2.1. [verzoekster] is een beleggingsmaatschappij die zich bezighoudt met de verkrijging, de vervreemding, het beheer en de verhuur van onroerend goed. [verzoekster] is sinds eind 2022 eigenaresse van tien appartementen in [vestigingsplaats] . Deze appartementen zijn tot op heden nog niet geheel afgebouwd. [verzoekster] had de intentie om de appartementen na het afbouwen daarvan, te verhuren en daarmee inkomsten te genereren.

2.2. [schuldeiser] is door [verzoekster] ingeschakeld om voornoemde appartementen af te bouwen en is hiermee begin 2023 gestart. Op enig moment is een geschil ontstaan tussen [verzoekster] en [schuldeiser] als gevolg waarvan [verzoekster] haar betalingsverplichting heeft opgeschort en [schuldeiser] een retentierecht is gaan uitoefenen op de appartementen van [verzoekster] . Bij vonnis van 25 oktober 2024 van de Raad van Arbitrage is [verzoekster] , onder meer, veroordeeld om een bedrag van € 293.674,32 aan [schuldeiser] te betalen. [verzoekster] is in hoger beroep gegaan tegen deze uitspraak.
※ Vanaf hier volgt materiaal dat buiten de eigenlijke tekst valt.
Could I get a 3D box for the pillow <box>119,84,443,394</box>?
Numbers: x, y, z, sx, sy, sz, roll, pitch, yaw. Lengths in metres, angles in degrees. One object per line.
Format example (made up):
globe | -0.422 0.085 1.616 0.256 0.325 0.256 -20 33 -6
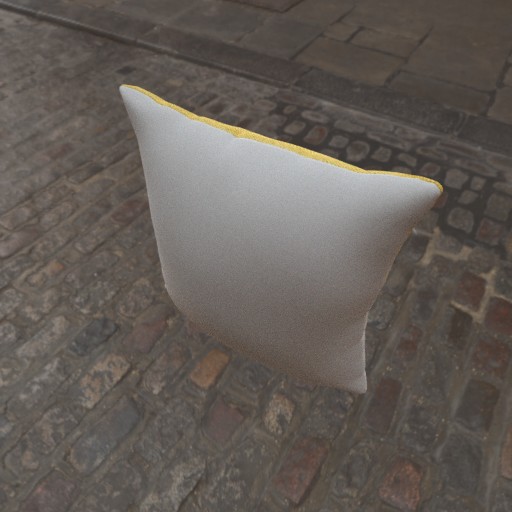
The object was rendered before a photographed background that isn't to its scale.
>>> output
pillow | 0.000 0.000 0.694 0.450 0.450 0.211 24 51 21
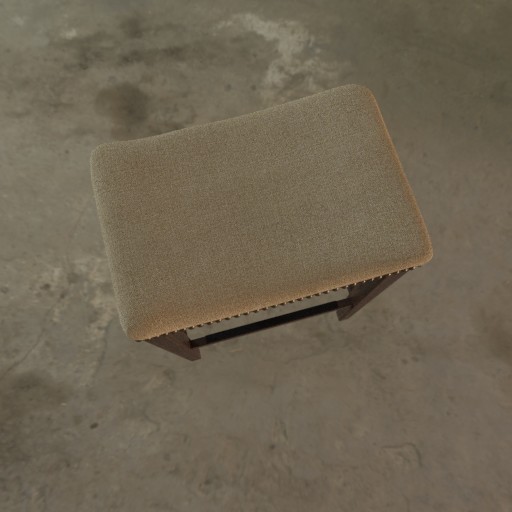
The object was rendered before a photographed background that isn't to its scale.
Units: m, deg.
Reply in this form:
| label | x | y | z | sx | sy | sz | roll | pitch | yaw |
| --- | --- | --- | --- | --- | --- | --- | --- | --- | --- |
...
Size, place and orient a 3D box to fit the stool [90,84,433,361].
| label | x | y | z | sx | sy | sz | roll | pitch | yaw |
| --- | --- | --- | --- | --- | --- | --- | --- | --- | --- |
| stool | 0.000 | 0.000 | 1.061 | 0.509 | 0.768 | 0.363 | -15 | 76 | -4 |
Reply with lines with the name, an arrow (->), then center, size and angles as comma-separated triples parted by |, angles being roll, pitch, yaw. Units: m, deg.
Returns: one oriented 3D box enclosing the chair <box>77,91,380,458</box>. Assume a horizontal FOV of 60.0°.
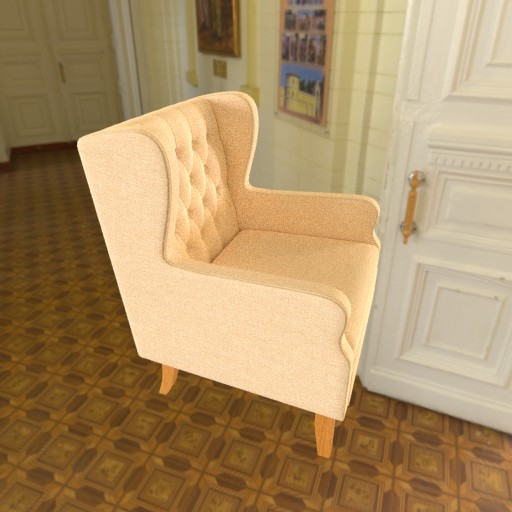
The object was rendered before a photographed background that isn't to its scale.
chair -> 0.000, 0.000, 1.470 | 0.760, 0.930, 0.710 | 10, 30, 17
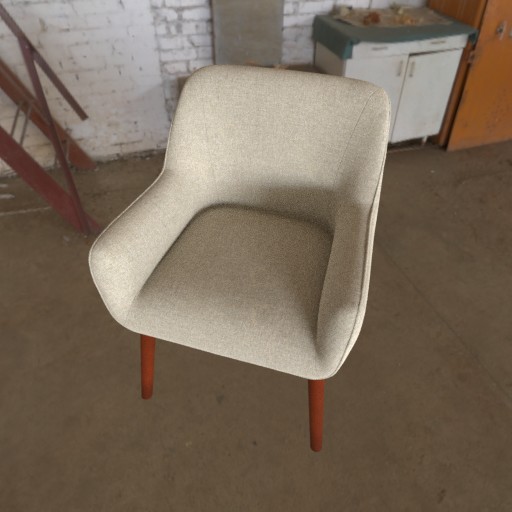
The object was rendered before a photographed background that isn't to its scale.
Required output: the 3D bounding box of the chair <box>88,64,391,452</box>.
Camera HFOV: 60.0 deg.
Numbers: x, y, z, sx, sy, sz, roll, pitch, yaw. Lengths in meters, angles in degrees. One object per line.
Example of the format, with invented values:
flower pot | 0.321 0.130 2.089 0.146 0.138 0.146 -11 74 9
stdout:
chair | 0.000 0.000 1.217 0.610 0.813 0.610 12 43 13
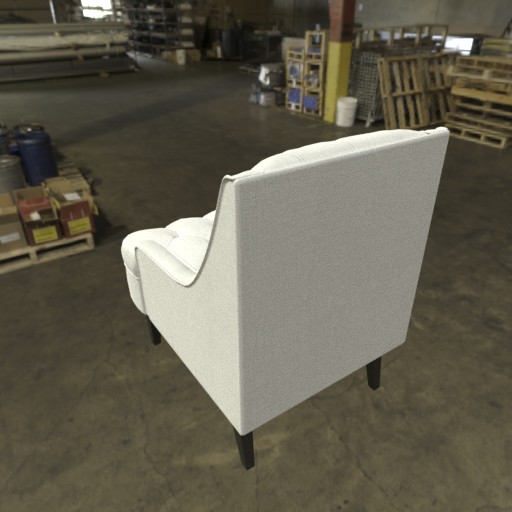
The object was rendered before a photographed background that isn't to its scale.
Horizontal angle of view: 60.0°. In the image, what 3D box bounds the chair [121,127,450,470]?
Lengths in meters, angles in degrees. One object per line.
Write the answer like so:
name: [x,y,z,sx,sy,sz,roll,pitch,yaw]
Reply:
chair: [0.000,0.000,1.414,0.658,0.891,0.772,-19,35,-30]
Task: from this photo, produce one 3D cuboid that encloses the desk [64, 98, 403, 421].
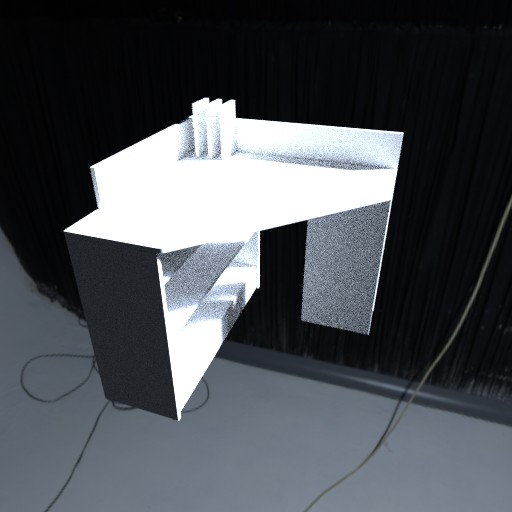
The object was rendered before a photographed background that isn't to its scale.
[{"bbox_3d":[0.000,0.000,1.762,0.940,0.986,0.940,10,32,16],"label":"desk"}]
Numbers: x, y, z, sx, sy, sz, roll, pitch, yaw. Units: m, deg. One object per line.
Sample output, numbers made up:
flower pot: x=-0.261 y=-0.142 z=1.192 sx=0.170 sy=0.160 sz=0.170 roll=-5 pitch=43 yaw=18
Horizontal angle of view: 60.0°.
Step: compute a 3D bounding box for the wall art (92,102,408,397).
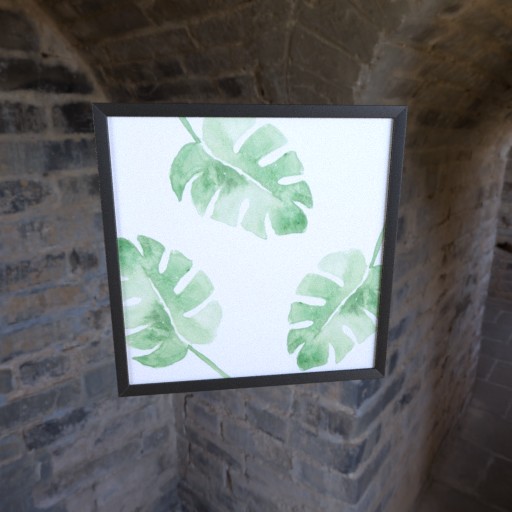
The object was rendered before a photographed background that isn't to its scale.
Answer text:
wall art: x=0.000 y=0.000 z=1.182 sx=0.765 sy=0.765 sz=0.038 roll=-2 pitch=15 yaw=-7
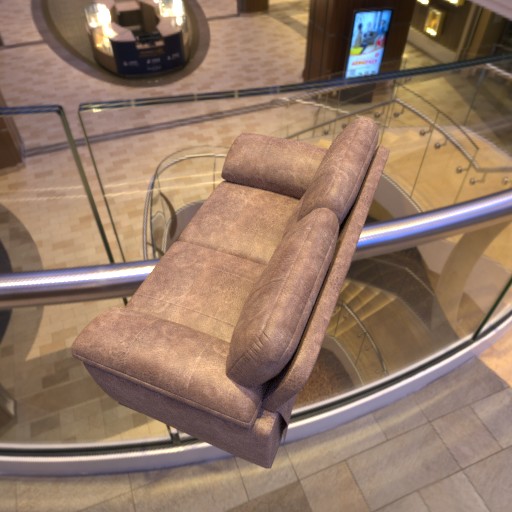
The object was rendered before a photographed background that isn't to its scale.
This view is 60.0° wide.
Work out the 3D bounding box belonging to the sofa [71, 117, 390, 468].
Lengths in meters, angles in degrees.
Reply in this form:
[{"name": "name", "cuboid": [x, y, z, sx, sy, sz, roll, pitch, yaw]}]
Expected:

Dit hoger beroep heeft tot op heden nog niet gediend.

2.3. De schuldenlast van [verzoekster] bestaat, naast de vordering van [schuldeiser] , voor een groot deel uit rentekosten en aflossingen die [verzoekster] verschuldigd is aan haar financiers, voornamelijk hypotheekhouders. [hypotheekhouder] (hierna: [hypotheekhouder] ) is als hypotheekhouder als hoogste gerangschikt.

Het verzoek

2.4. [verzoekster] verzoekt de rechtbank om tot het afkondigen van een afkoelingsperiode over te gaan. In het verzoekschrift en ter zitting heeft [verzoekster] aan dit verzoek ten grondslag gelegd dat zij momenteel in een toestand verkeert waarin het, zonder herstructurering, redelijkerwijs aannemelijk is dat zij insolvent zal raken. [verzoekster] is voor het genereren van inkomsten momenteel afhankelijk van de afbouw en vervolgens verkoop en/of verhuur van de tien appartementen in [vestigingsplaats] . Als gevolg van het slepende conflict met [schuldeiser] en het door [schuldeiser] uitgeoefende retentierecht zijn deze appartementen tot op heden niet afgebouwd waardoor [verzoekster] niet tot verkoop en/of verhuur kan overgaan en hierdoor geen inkomsten genereert. Daarom kan [verzoekster] niet aan haar aflossingsverplichtingen richting de hypotheekhouders voldoen. De hoogste gerangschikte hypotheekhouder, [hypotheekhouder] , heeft, aldus [verzoekster] , aangekondigd de executie van de appartementen - waarop het retentierecht van [schuldeiser] rust en waarop [schuldeiser] executoriaal beslag heeft gelegd - te willen overnemen ex artikel 509 Wetboek van Burgerlijke Rechtsvordering.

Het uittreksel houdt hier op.